# How to complete this task
Copy out each line of the material below with no changes.

-=-=-=-=-

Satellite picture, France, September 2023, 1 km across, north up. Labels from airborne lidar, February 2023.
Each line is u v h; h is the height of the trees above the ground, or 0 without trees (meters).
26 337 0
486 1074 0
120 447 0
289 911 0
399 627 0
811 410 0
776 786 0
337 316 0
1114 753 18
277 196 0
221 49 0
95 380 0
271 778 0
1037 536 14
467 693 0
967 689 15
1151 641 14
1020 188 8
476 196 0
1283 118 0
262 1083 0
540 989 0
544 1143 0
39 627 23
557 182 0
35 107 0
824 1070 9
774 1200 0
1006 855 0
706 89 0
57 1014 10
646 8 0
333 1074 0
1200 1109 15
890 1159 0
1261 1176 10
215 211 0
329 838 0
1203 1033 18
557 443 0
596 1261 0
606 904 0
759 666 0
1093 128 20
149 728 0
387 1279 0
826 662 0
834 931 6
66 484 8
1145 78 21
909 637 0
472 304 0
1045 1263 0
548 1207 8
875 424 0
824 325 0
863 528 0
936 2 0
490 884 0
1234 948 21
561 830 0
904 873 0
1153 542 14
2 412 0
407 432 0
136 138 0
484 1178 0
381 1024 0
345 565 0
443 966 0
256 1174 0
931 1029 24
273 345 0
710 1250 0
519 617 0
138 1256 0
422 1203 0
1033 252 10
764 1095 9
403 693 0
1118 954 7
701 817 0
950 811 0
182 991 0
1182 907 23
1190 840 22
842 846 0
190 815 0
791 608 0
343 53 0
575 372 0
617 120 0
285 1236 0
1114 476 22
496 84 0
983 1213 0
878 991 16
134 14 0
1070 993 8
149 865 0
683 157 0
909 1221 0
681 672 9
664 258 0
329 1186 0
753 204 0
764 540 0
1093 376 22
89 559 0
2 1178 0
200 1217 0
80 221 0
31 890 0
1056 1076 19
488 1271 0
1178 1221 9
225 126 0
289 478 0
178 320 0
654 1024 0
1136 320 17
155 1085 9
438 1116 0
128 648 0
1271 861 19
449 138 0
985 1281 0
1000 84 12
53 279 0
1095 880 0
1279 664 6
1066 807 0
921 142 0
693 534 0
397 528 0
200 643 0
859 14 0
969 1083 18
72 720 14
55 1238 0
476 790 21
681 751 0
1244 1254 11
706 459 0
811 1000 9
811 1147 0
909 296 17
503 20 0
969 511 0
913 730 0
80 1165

-=-=-=-=-

# Response for this exercise
Satellite picture, France, September 2023, 1 km across, north up. Labels from airborne lidar, February 2023.
Each line is u v h; h is the height of the trees above the ground, or 0 without trees (meters).
26 337 0
486 1074 0
120 447 0
289 911 0
399 627 0
811 410 0
776 786 0
337 316 0
1114 753 18
277 196 0
221 49 0
95 380 0
271 778 0
1037 536 14
467 693 0
967 689 15
1151 641 14
1020 188 8
476 196 0
1283 118 0
262 1083 0
540 989 0
544 1143 0
39 627 23
557 182 0
35 107 0
824 1070 9
774 1200 0
1006 855 0
706 89 0
57 1014 10
646 8 0
333 1074 0
1200 1109 15
890 1159 0
1261 1176 10
215 211 0
329 838 0
1203 1033 18
557 443 0
596 1261 0
606 904 0
759 666 0
1093 128 20
149 728 0
387 1279 0
826 662 0
834 931 6
66 484 8
1145 78 21
909 637 0
472 304 0
1045 1263 0
548 1207 8
875 424 0
824 325 0
863 528 0
936 2 0
490 884 0
1234 948 21
561 830 0
904 873 0
1153 542 14
2 412 0
407 432 0
136 138 0
484 1178 0
381 1024 0
345 565 0
443 966 0
256 1174 0
931 1029 24
273 345 0
710 1250 0
519 617 0
138 1256 0
422 1203 0
1033 252 10
764 1095 9
403 693 0
1118 954 7
701 817 0
950 811 0
182 991 0
1182 907 23
1190 840 22
842 846 0
190 815 0
791 608 0
343 53 0
575 372 0
617 120 0
285 1236 0
1114 476 22
496 84 0
983 1213 0
878 991 16
134 14 0
1070 993 8
149 865 0
683 157 0
909 1221 0
681 672 9
664 258 0
329 1186 0
753 204 0
764 540 0
1093 376 22
89 559 0
2 1178 0
200 1217 0
80 221 0
31 890 0
1056 1076 19
488 1271 0
1178 1221 9
225 126 0
289 478 0
178 320 0
654 1024 0
1136 320 17
155 1085 9
438 1116 0
128 648 0
1271 861 19
449 138 0
985 1281 0
1000 84 12
53 279 0
1095 880 0
1279 664 6
1066 807 0
921 142 0
693 534 0
397 528 0
200 643 0
859 14 0
969 1083 18
72 720 14
55 1238 0
476 790 21
681 751 0
1244 1254 11
706 459 0
811 1000 9
811 1147 0
909 296 17
503 20 0
969 511 0
913 730 0
80 1165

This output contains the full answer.